February 28, 2008 (Lexington, Kentucky) – The African American Forum, Inc. (AAF) today announced its commitment to arts programming at high poverty Title I public elementary schools in Fayette County. At a news conference held at the School for the Creative and Performing Arts (SCAPA) at Bluegrass, the organization presented eight schools with checks totaling $18,000, and committed to a total donation of $100,000 over the next six years. Kentucky Education Cabinet Secretary Helen Mountjoy and Fayette County Public Schools Superintendent Stu Silberman were present to offer comments about the AAF’s Arts Partnership Project.
The Arts Partnership Project program was established in 1996 to invest in the artistic, cultural and educational endeavors of K-5 youth, particularly those from disadvantaged backgrounds. Since its inception, the Arts Partnership Project has donated thousands of dollars in cash and in-kind resources to inner city and rural elementary schools’ arts programs.
“In addition to financial support, today we are pledging our ongoing commitment to educating our community about the vital role arts education plays in children’s lives,” stated AAF President and CEO John E. Cole III. “In light of eliminated funding for Arts Education programs on a national scale, and proposed changes to arts in education on a local level, we believe it’s time to increase our organization’s level of financial support and turn up the volume on arts education advocacy. Private – public partnerships such as ours are now more important than ever!”
The elementary schools chosen to receive funding, based on their Commonwealth Accountability Testing System (CATS) scores and percentage of students receiving free or reduced lunch, were: Booker T. Washington, Cardinal Valley, Harrison, Johnson, Linlee, Northern and Russell Cave. SCAPA at Bluegrass was also recognized and rewarded for their accomplishments in academic and artistic excellence.

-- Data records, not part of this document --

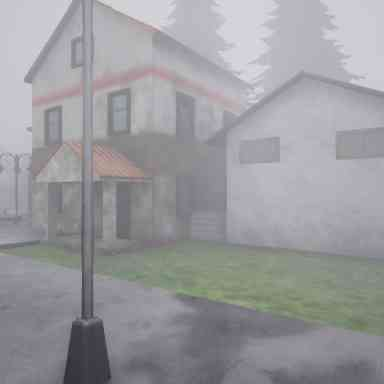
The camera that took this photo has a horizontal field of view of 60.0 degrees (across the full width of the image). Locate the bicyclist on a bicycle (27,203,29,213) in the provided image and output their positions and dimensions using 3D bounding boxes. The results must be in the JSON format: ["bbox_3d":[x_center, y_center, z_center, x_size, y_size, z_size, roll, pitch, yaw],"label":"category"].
[{"bbox_3d":[-16.031,1.338,33.278,1.656,1.620,0.582,0,0,35],"label":"bicyclist on a bicycle"}]
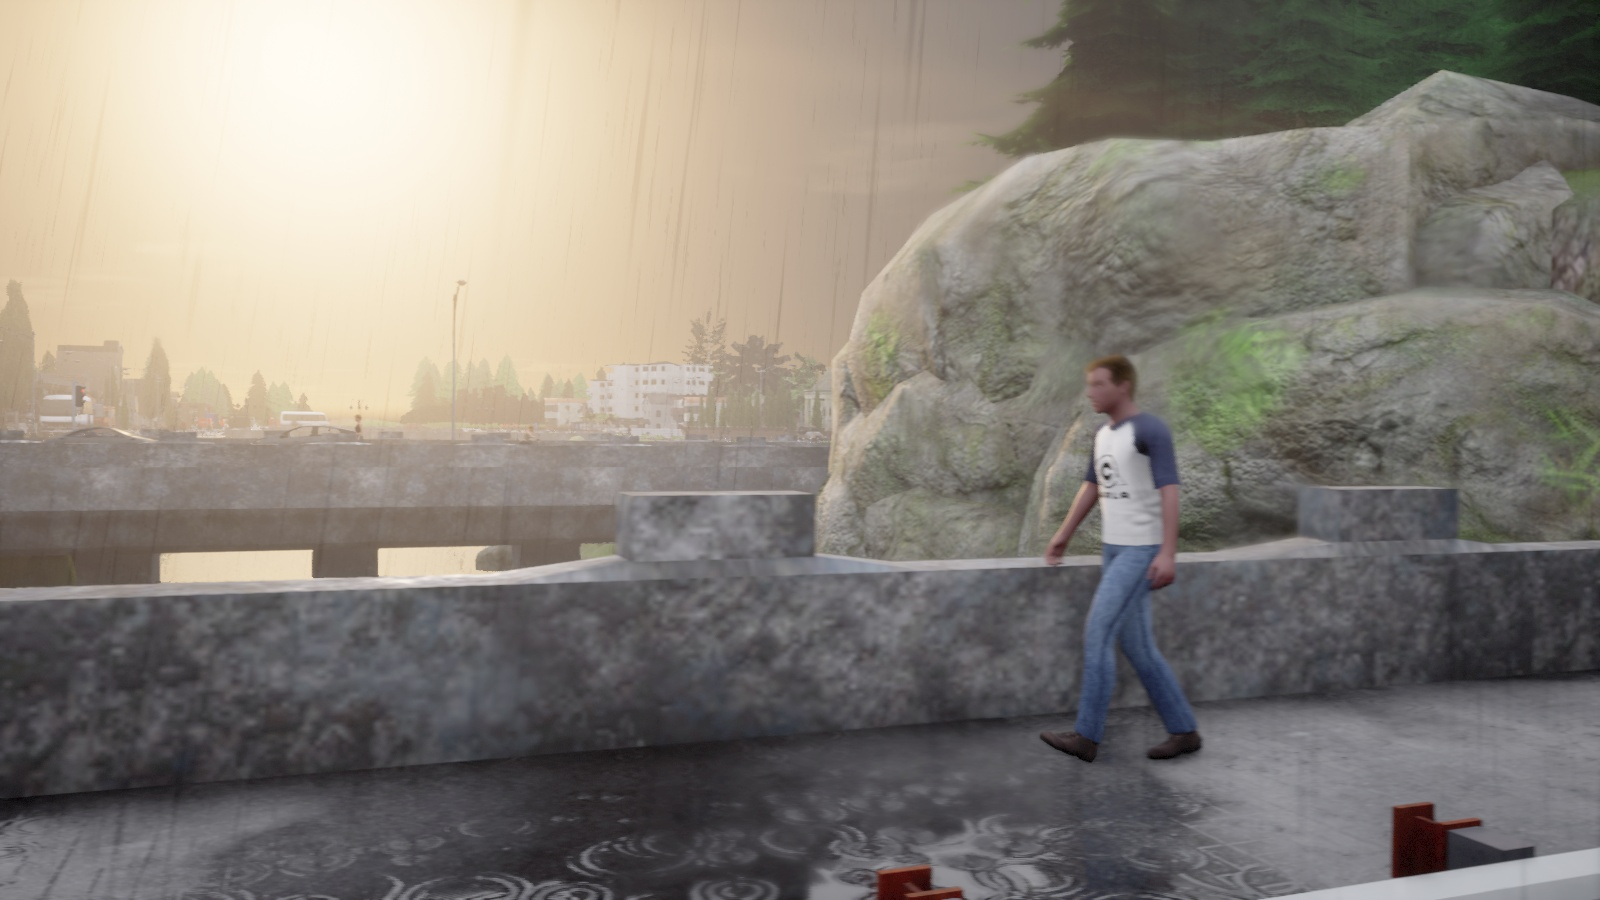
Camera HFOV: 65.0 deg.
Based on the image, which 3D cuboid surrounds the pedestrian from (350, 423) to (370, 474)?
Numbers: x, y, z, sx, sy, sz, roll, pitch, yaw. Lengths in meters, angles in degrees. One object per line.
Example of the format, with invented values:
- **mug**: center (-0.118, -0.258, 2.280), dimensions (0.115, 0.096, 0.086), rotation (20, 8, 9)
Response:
- **pedestrian**: center (-15.890, -0.058, 45.354), dimensions (0.594, 1.836, 0.345), rotation (-1, 1, -29)

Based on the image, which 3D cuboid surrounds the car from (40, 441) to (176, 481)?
- **car**: center (-25.776, 0.376, 46.965), dimensions (4.181, 1.385, 1.994), rotation (-1, 1, -20)

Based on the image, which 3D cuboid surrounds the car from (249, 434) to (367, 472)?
- **car**: center (-20.761, 0.105, 53.125), dimensions (4.514, 1.525, 2.007), rotation (-1, 1, -21)

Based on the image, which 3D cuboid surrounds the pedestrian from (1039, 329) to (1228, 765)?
- **pedestrian**: center (1.461, 0.402, 5.528), dimensions (0.706, 1.836, 0.354), rotation (-1, 1, -12)
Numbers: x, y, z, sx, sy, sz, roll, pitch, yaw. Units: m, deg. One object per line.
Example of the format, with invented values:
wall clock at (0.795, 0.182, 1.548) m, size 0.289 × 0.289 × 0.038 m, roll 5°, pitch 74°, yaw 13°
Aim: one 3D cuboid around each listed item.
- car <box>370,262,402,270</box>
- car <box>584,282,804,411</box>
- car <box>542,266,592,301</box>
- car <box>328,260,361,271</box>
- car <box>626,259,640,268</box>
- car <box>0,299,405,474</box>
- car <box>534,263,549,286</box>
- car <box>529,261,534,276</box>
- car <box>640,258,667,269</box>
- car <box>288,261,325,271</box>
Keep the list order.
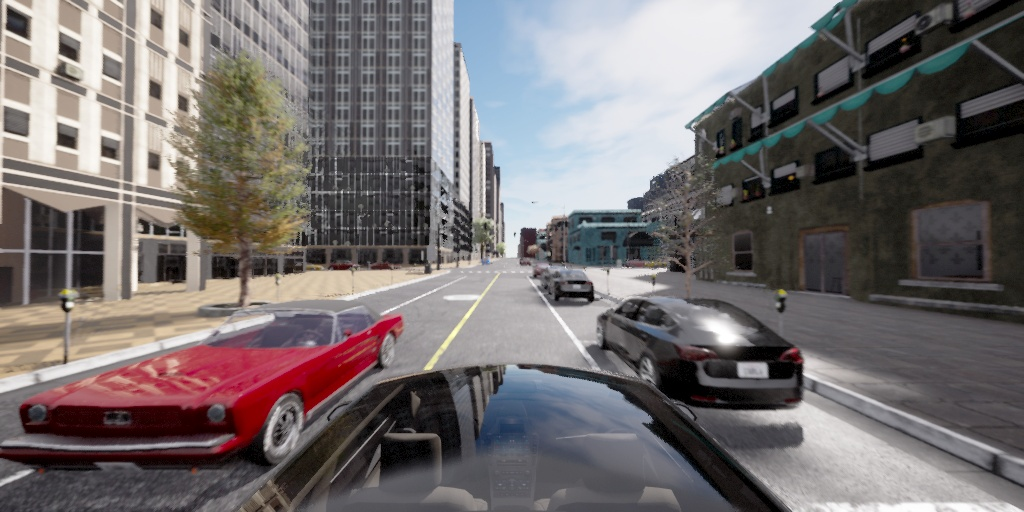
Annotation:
car at (-17.396, 1.413, 49.624) m, size 4.207 × 1.307 × 1.802 m, roll 0°, pitch 0°, yaw 1°
car at (2.694, 1.317, 6.105) m, size 1.948 × 1.339 × 4.313 m, roll 0°, pitch 0°, yaw 0°
car at (2.699, 1.319, 17.061) m, size 1.948 × 1.339 × 4.313 m, roll 0°, pitch 0°, yaw 0°
car at (-23.079, 1.325, 49.681) m, size 4.097 × 1.591 × 1.967 m, roll 0°, pitch 0°, yaw 1°
car at (18.683, 1.080, 51.962) m, size 4.181 × 1.385 × 1.994 m, roll -1°, pitch -1°, yaw 1°
car at (-3.099, 1.351, 5.026) m, size 1.895 × 1.301 × 4.718 m, roll 0°, pitch 0°, yaw 0°
car at (2.702, 1.304, 22.538) m, size 2.007 × 1.370 × 4.403 m, roll 0°, pitch 0°, yaw 0°
car at (2.831, 1.337, 33.491) m, size 1.802 × 1.307 × 4.207 m, roll 0°, pitch 0°, yaw 0°
car at (20.712, 0.996, 49.240) m, size 4.829 × 1.417 × 1.751 m, roll 0°, pitch 0°, yaw 1°
car at (-28.593, 1.465, 49.736) m, size 4.829 × 1.417 × 1.751 m, roll 0°, pitch 0°, yaw 1°
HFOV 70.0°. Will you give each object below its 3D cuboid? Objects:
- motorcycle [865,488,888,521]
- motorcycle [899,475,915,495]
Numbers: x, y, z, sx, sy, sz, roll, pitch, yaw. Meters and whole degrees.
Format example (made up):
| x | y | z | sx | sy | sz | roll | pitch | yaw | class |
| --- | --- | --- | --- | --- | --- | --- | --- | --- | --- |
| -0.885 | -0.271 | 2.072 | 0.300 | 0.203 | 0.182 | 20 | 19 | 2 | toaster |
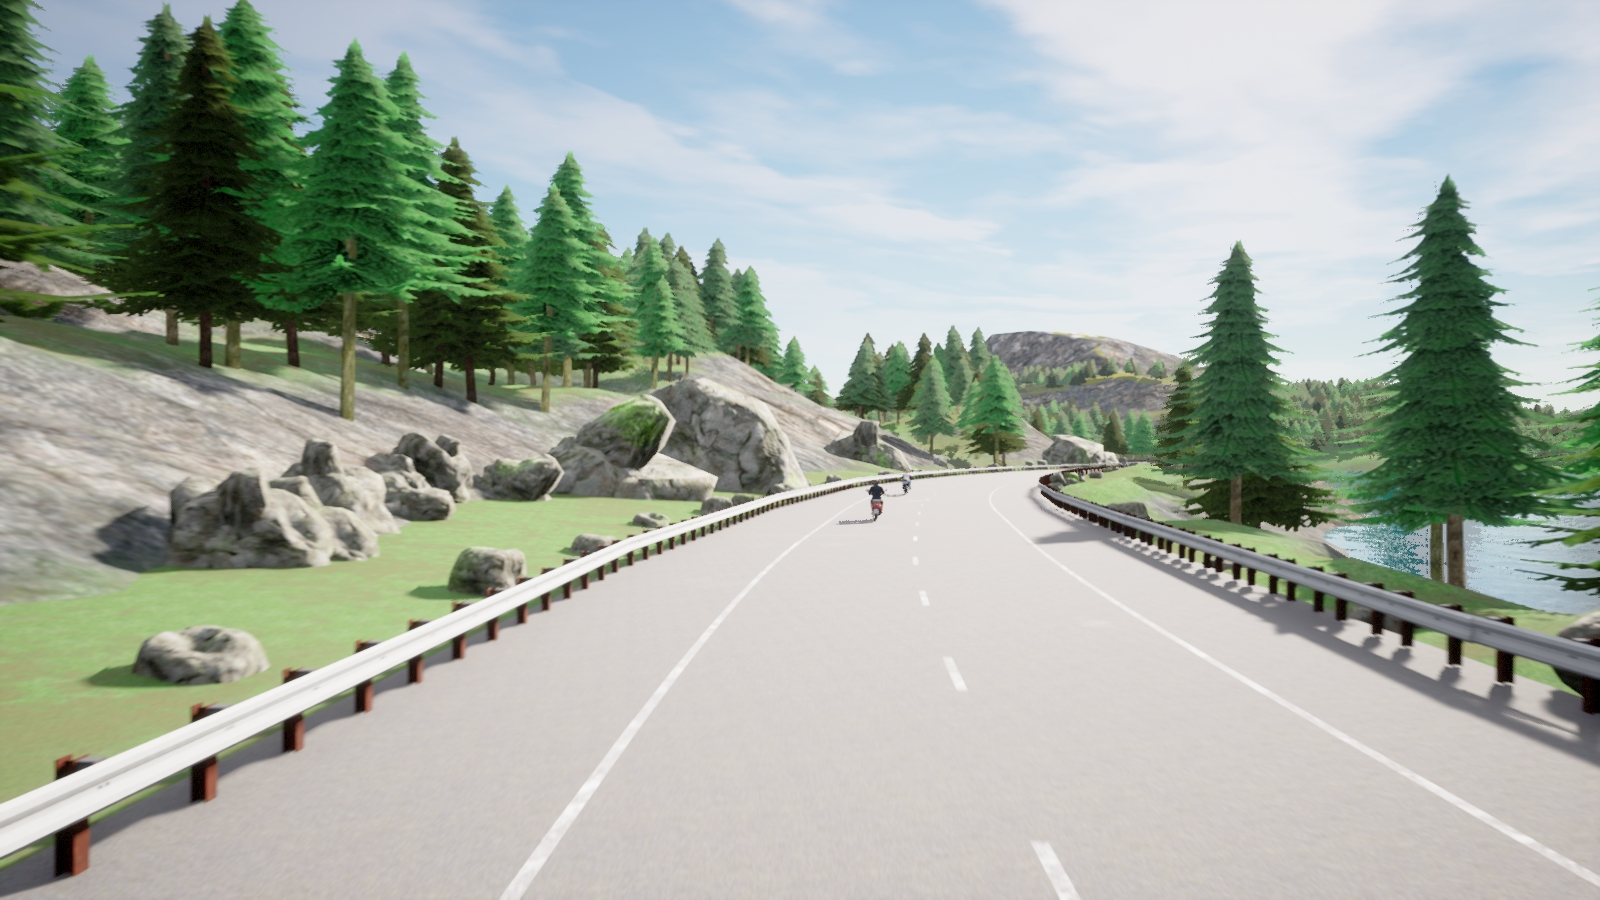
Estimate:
| x | y | z | sx | sy | sz | roll | pitch | yaw | class |
| --- | --- | --- | --- | --- | --- | --- | --- | --- | --- |
| 3.079 | 2.183 | 45.934 | 0.856 | 1.236 | 1.805 | 0 | 0 | 6 | motorcycle |
| 6.693 | 2.179 | 71.619 | 0.803 | 1.217 | 2.033 | 0 | 0 | 11 | motorcycle |

“SCAPA will serve as our benchmark school against which other schools’ achievements can be gauged,” commented Cole. “We want to empower these schools to determine how our investment will best benefit their arts programs – whether it entails taking students to an arts performance
, or museum, or even to purchase needed arts supplies.”
In order to receive full funding, schools must inform the AAF how they plan to use the funds; the number of students that will benefit; the anticipated results from the initiative for which the funds were allocated; and written follow-up on outcomes from the chosen initiative. As part of the outcomes measurement, schools are encouraged to have the students submit a brief essay on what the chosen initiative meant to them.
The African American Forum, Inc. is a non-profit arts and cultural organization based in Lexington, Kentucky, committed to presenting programs that celebrate the African American experience. It is also committed to giving back to the community through arts programming and outreach to inner city and rural elementary schools, opportunities for volunteer service, and collaborative efforts to address quality of life issues that impact the African American community. For more information about the AAF, please call 859-255-2653 or visit www.AAFinc.com.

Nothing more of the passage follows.